Destabilized TKGFP was produced by inserting the nuclear export signal (NES) sequence at the N terminus and fusing the degradation domain of mouse ornithine decarboxylase (dMODC) at the C terminus. The stability of TKGFP in living NG4TL4 cells was determined by Western blot analysis, HSV1-tk enzyme activity assay, and flow cytometric analysis. The suitability of NESTKGFP:dMODC as a transcription reporter was investigated by linking it to a promoter consisting of 8 copies of hypoxia-responsive elements, whose activities depend on HIF-1. The dynamic transcriptional events mediated by hypoxia and reoxygenation were monitored by NESTKGFP:dMODC or TKGFP and determined by optical imaging and PET.
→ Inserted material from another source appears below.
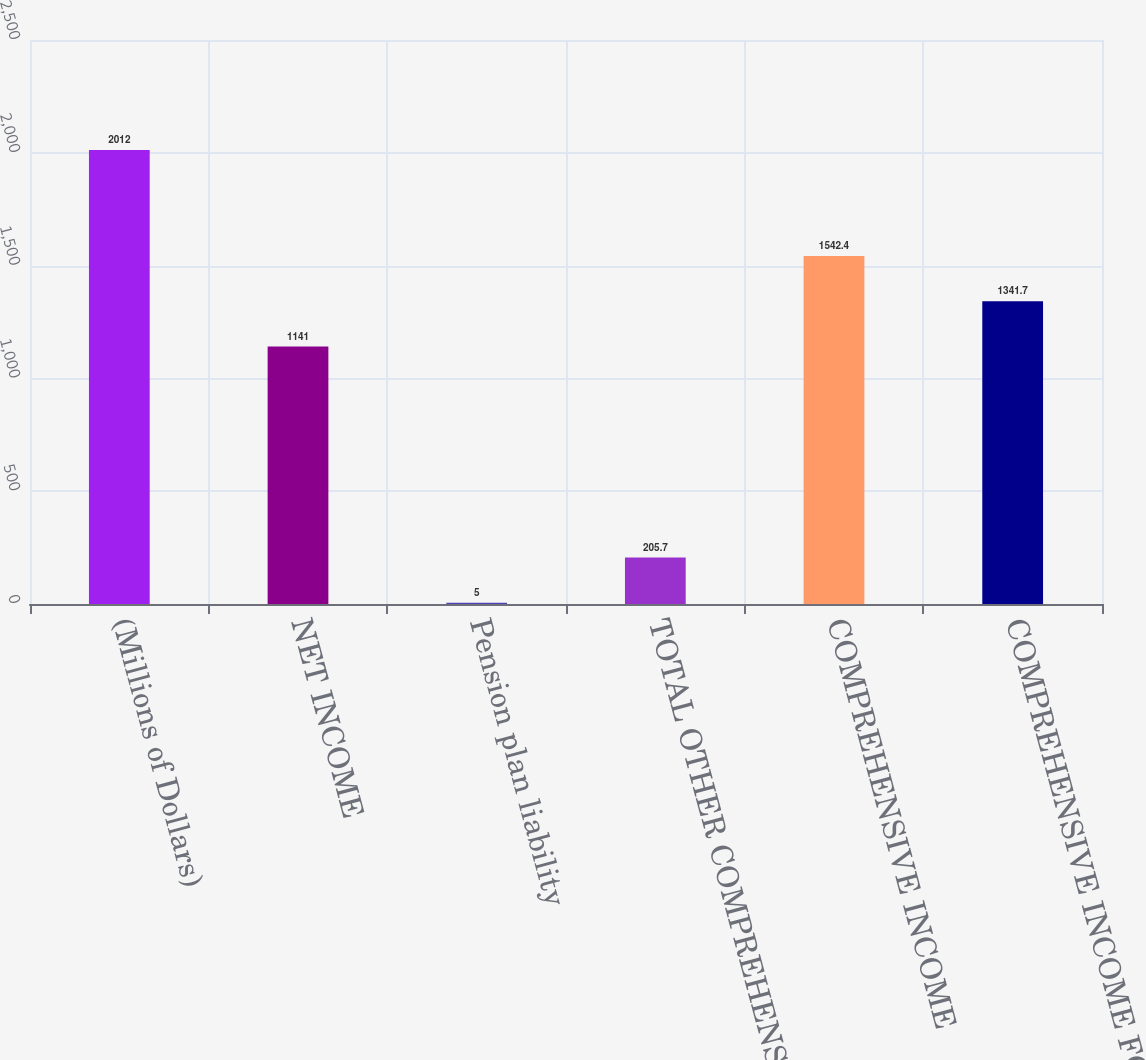<chart> <loc_0><loc_0><loc_500><loc_500><bar_chart><fcel>(Millions of Dollars)<fcel>NET INCOME<fcel>Pension plan liability<fcel>TOTAL OTHER COMPREHENSIVE<fcel>COMPREHENSIVE INCOME<fcel>COMPREHENSIVE INCOME FOR<nl><fcel>2012<fcel>1141<fcel>5<fcel>205.7<fcel>1542.4<fcel>1341.7<nl></chart>

Unlike TKGFP, NESTKGFP:dMODC was unstable in the presence of cycloheximide and showed a short half-life of protein and enzyme activity. Rapid turnover of NESTKGFP:dMODC occurred in a 26S proteasome-dependent manner. Furthermore, NESTKGFP:dMODC showed an upregulated expression and low cytotoxicity in living cells. Studies of hypoxia-responsive TKGFP and NESTKGFP:dMODC expression showed that NESTKGFP:dMODC as a reporter gene had better temporal resolution than did TKGFP for monitoring the dynamic transcriptional events mediated by hypoxia and reoxygenation; the TKGFP expression level was not optimal for the purpose of monitoring.
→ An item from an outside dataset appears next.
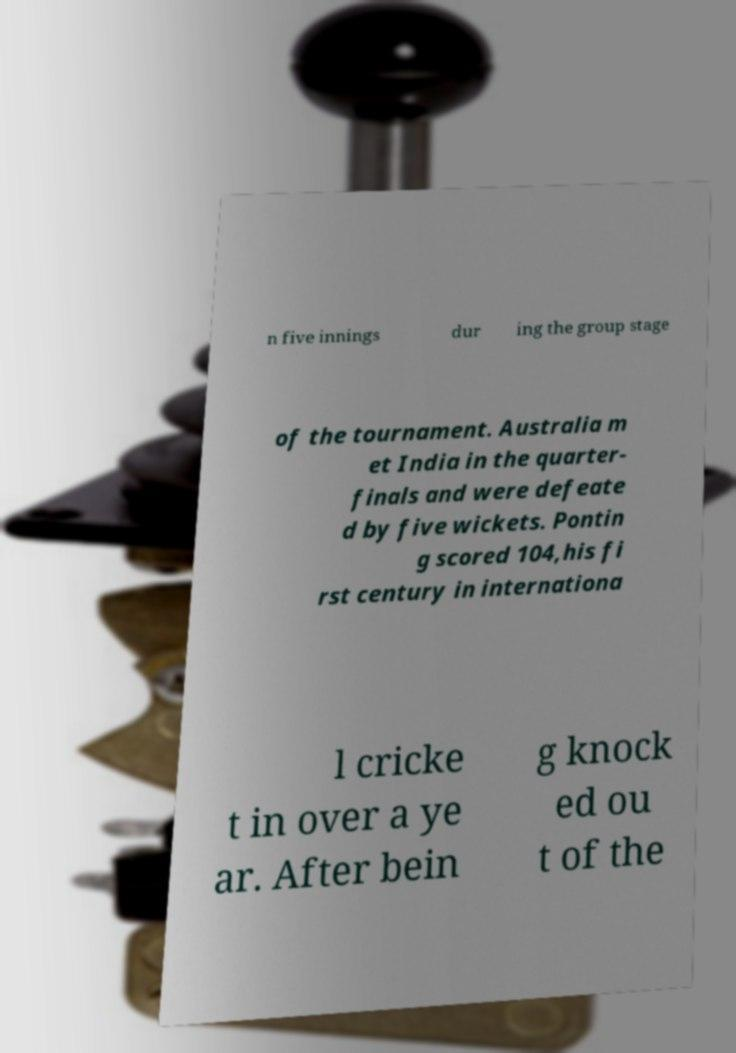Can you read and provide the text displayed in the image?This photo seems to have some interesting text. Can you extract and type it out for me? n five innings dur ing the group stage of the tournament. Australia m et India in the quarter- finals and were defeate d by five wickets. Pontin g scored 104,his fi rst century in internationa l cricke t in over a ye ar. After bein g knock ed ou t of the 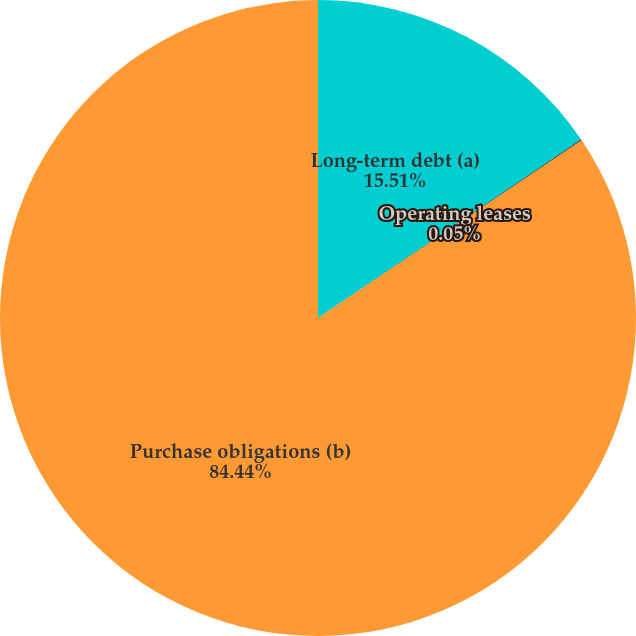<chart> <loc_0><loc_0><loc_500><loc_500><pie_chart><fcel>Long-term debt (a)<fcel>Operating leases<fcel>Purchase obligations (b)<nl><fcel>15.51%<fcel>0.05%<fcel>84.44%<nl></chart>

In translational molecular-genetic imaging, NESTKGFP:dMODC as a reporter gene, together with optical imaging and PET, allows the direct monitoring of transcription induction and easy determination of its association with other biochemical changes.
单纯疱疹病毒1型胸苷激酶(HSV1 - tk)/绿色荧光蛋白(TKGFP)双报告基因以及多模态成像方法在转化分子遗传成像中监测治疗性基因表达、免疫细胞运输和蛋白质 - 蛋白质相互作用方面发挥着关键作用。然而,TKGFP的细胞毒性和低时间分辨率限制了其在需要快速周转报告基因的研究中的应用。本研究的目的是构建一种具有低细胞毒性和高时间分辨率的新型突变TKGFP融合报告基因,用于实时监测体外和体内缺氧及复氧介导的缺氧诱导因子1(HIF - 1)信号转导活性的时间动态和空间异质性。
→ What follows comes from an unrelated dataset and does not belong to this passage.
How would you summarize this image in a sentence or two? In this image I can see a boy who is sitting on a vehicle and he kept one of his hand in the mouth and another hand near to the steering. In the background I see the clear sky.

通过在N端插入核输出信号(NES)序列并在C端融合小鼠鸟氨酸脱羧酶的降解结构域(dMODC)来产生不稳定的TKGFP。通过蛋白质印迹分析、HSV1 - tk酶活性测定和流式细胞术分析来确定TKGFP在活的NG4TL4细胞中的稳定性。通过将NESTKGFP:dMODC连接到由8个缺氧反应元件拷贝组成的启动子上,研究其作为转录报告基因的适用性,该启动子的活性依赖于HIF - 1。由缺氧和复氧介导的动态转录事件通过NESTKGFP:dMODC或TKGFP进行监测,并通过光学成像和PET确定。
与TKGFP不同,NESTKGFP:dMODC在放线菌酮存在下不稳定,并且显示出较短蛋白质半衰期和酶活性。NESTKGFP:dMODC的快速周转以26S蛋白酶体依赖性方式发生。此外,NESTKGFP:dMODC在活细胞中显示出上调表达和低细胞毒性。对缺氧反应性TKGFP和NESTKGFP:dMODC表达的研究表明,作为报告基因,NESTKGFP:dMODC在监测由缺氧和复氧介导的动态转录事件方面比TKGFP具有更好的时间分辨率;就监测目的而言,TKGFP的表达水平并不理想。
在转化分子遗传成像中,NESTKGFP:dMODC作为报告基因,与光学成像和PET一起,能够直接监测转录诱导并易于确定其与其他生化变化的关联。